Mobile malware is on the rise in the U.S. and around the world, according to a new study from security firm Lookout, in a trend that neatly coincides with the shift from desktop to mobile computing. The survey, based on data from 60 million mobile users around the world, tracked the incidence of various types of threat from 2013-2014. These include ransomware, which as its name indicates holds your mobile device for ransom; Trojan malware, including a download that masquerades as an innocuous app in order to collect sensitive personal information; spyware that monitors personal messages; and even apps that surreptitiously exploit a device’s computing power to “mine” cryptocurrency (yes, bitcoins).
On the positive side there was a marked decrease in adware, which Lookout attributes to increased policing by Google. The report also covers chargeware, which charges users for services without informing them or giving them a chance to grant or withhold consent.

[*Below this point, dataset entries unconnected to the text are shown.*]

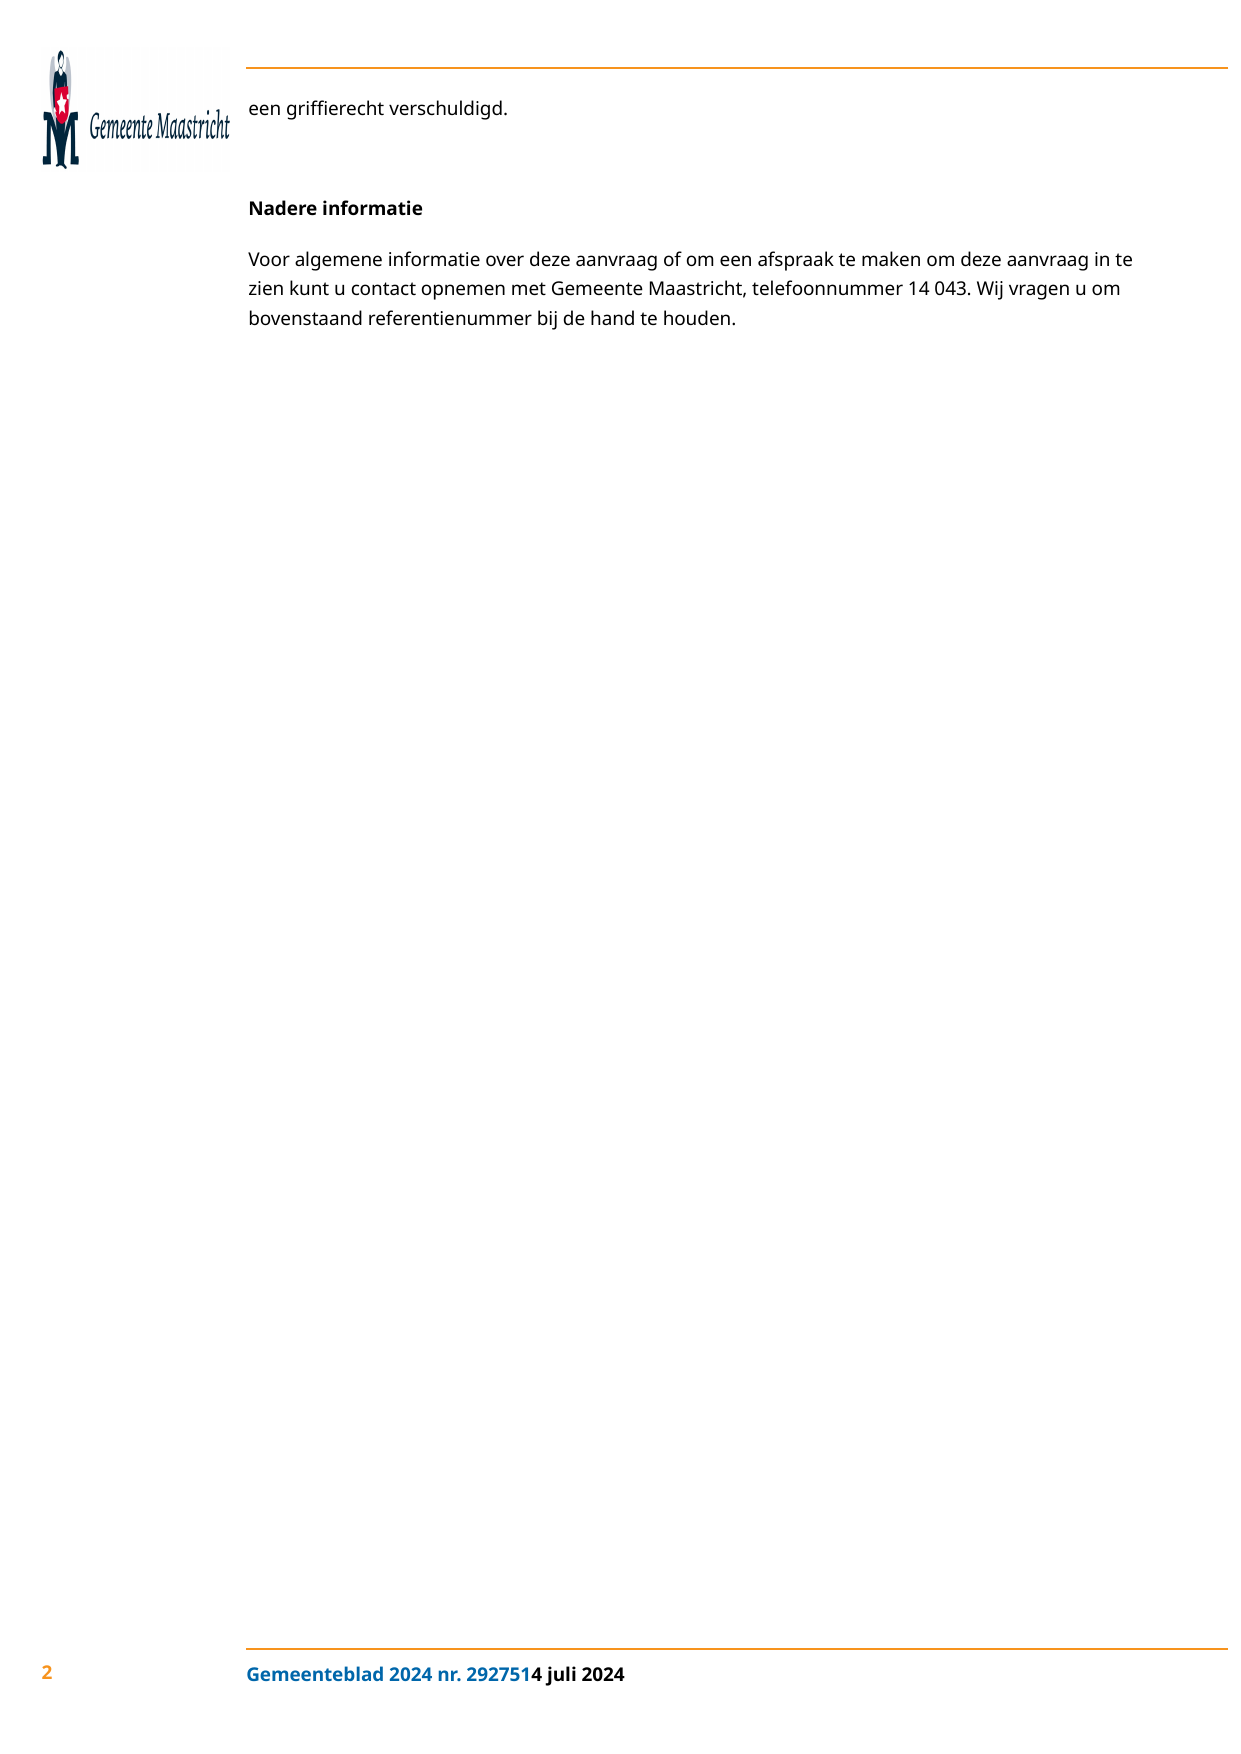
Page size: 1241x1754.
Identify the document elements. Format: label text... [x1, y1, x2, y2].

text Voor algemene informatie over deze aanvraag of om een afspraak te maken om deze aanvraag in te zien kunt u contact opnemen met Gemeente Maastricht, telefoonnummer 14 043. Wij vragen u om bovenstaand referentienummer bij de hand te houden. [248, 246, 1152, 331]
text Nadere informatie [248, 196, 1152, 221]
text een griffierecht verschuldigd. [248, 95, 1152, 121]
picture [41, 47, 231, 172]

Lookout noted that different types of malware are more likely to appear in different regions. For example, ransomware is especially prevalent in the U.S., U.K., and Germany, while chargeware and fake “premium rate” SMS billing fell in the U.K. and France, but surged in Germany. One especially disturbing finding: The distribution of some malware attacks leads Lookout to hypothesize that the mobile supply chain has sometimes been compromised, allowing malware to be preloaded onto mobile devices in the factory.

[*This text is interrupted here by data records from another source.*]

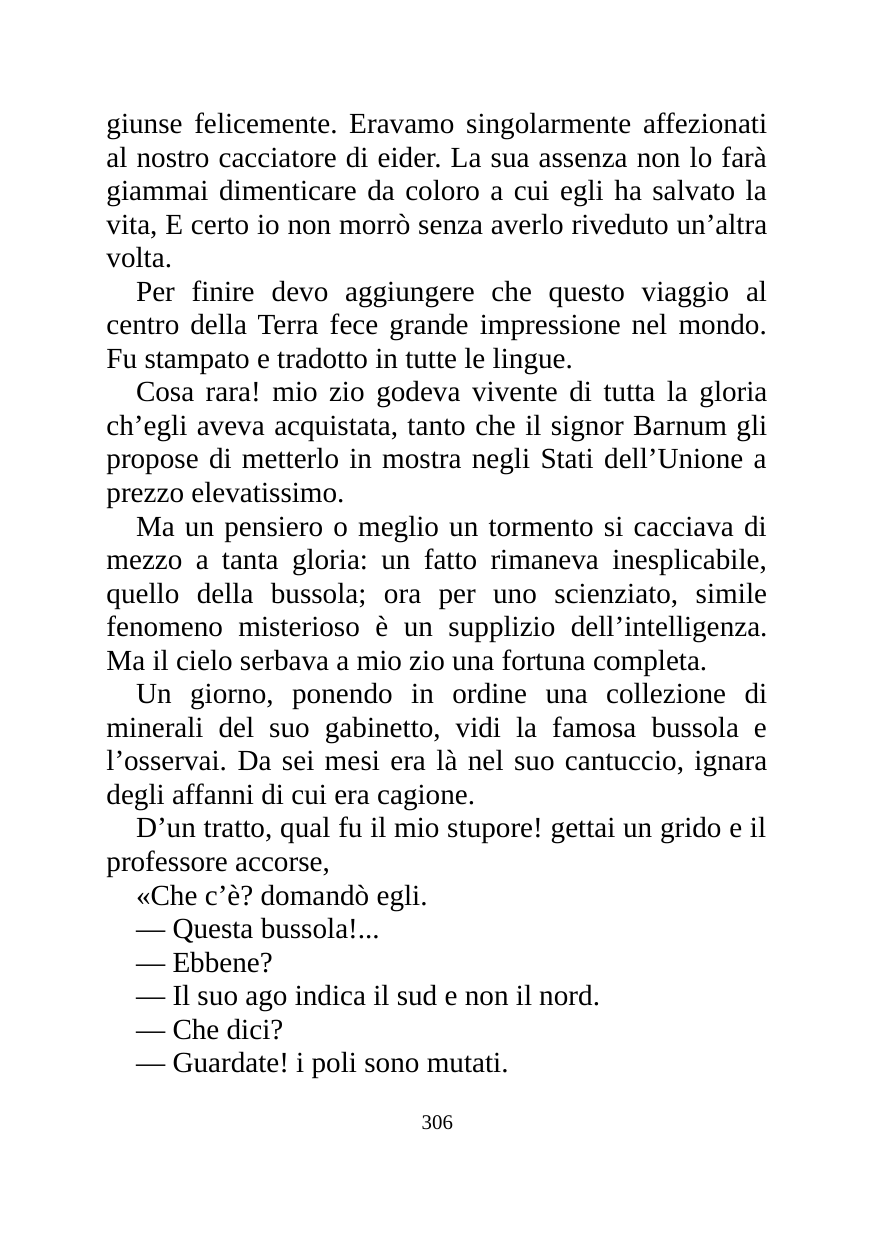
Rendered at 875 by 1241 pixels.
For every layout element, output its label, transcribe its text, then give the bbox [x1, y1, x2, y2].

text D’un tratto, qual fu il mio stupore! gettai un grido e il professore accorse, [106, 811, 768, 878]
text giunse felicemente. Eravamo singolarmente affezionati al nostro cacciatore di eider. La sua assenza non lo farà giammai dimenticare da coloro a cui egli ha salvato la vita, E certo io non morrò senza averlo riveduto un’altra volta. [106, 106, 768, 274]
text Un giorno, ponendo in ordine una collezione di minerali del suo gabinetto, vidi la famosa bussola e l’osservai. Da sei mesi era là nel suo cantuccio, ignara degli affanni di cui era cagione. [106, 676, 768, 811]
text Ma un pensiero o meglio un tormento si cacciava di mezzo a tanta gloria: un fatto rimaneva inesplicabile, quello della bussola; ora per uno scienziato, simile fenomeno misterioso è un supplizio dell’intelligenza. Ma il cielo serbava a mio zio una fortuna completa. [106, 509, 768, 676]
text — Ebbene? [106, 945, 768, 978]
text — Il suo ago indica il sud e non il nord. [106, 978, 768, 1012]
text — Che dici? [106, 1012, 768, 1045]
text Cosa rara! mio zio godeva vivente di tutta la gloria ch’egli aveva acquistata, tanto che il signor Barnum gli propose di metterlo in mostra negli Stati dell’Unione a prezzo elevatissimo. [106, 374, 768, 509]
text «Che c’è? domandò egli. [106, 878, 768, 911]
text Per finire devo aggiungere che questo viaggio al centro della Terra fece grande impressione nel mondo. Fu stampato e tradotto in tutte le lingue. [106, 274, 768, 374]
text — Questa bussola!... [106, 911, 768, 945]
text — Guardate! i poli sono mutati. [106, 1045, 768, 1079]

Focusing on the U.S., Lookout found that the volume of Android malware attacks increased 75%, from 4% in 2013 to 7% in 2014. As noted, adware actually decreased sharply over this period, but ransomware posted big gains, with over four million U.S. Android users paying ransoms ranging from $300-$500 in order to free their devices. Doing the math, that suggests ransomware alone is a $1.2 billion-$2 billion industry in the U.S. (Maybe those jerkfaces are onto something after all.)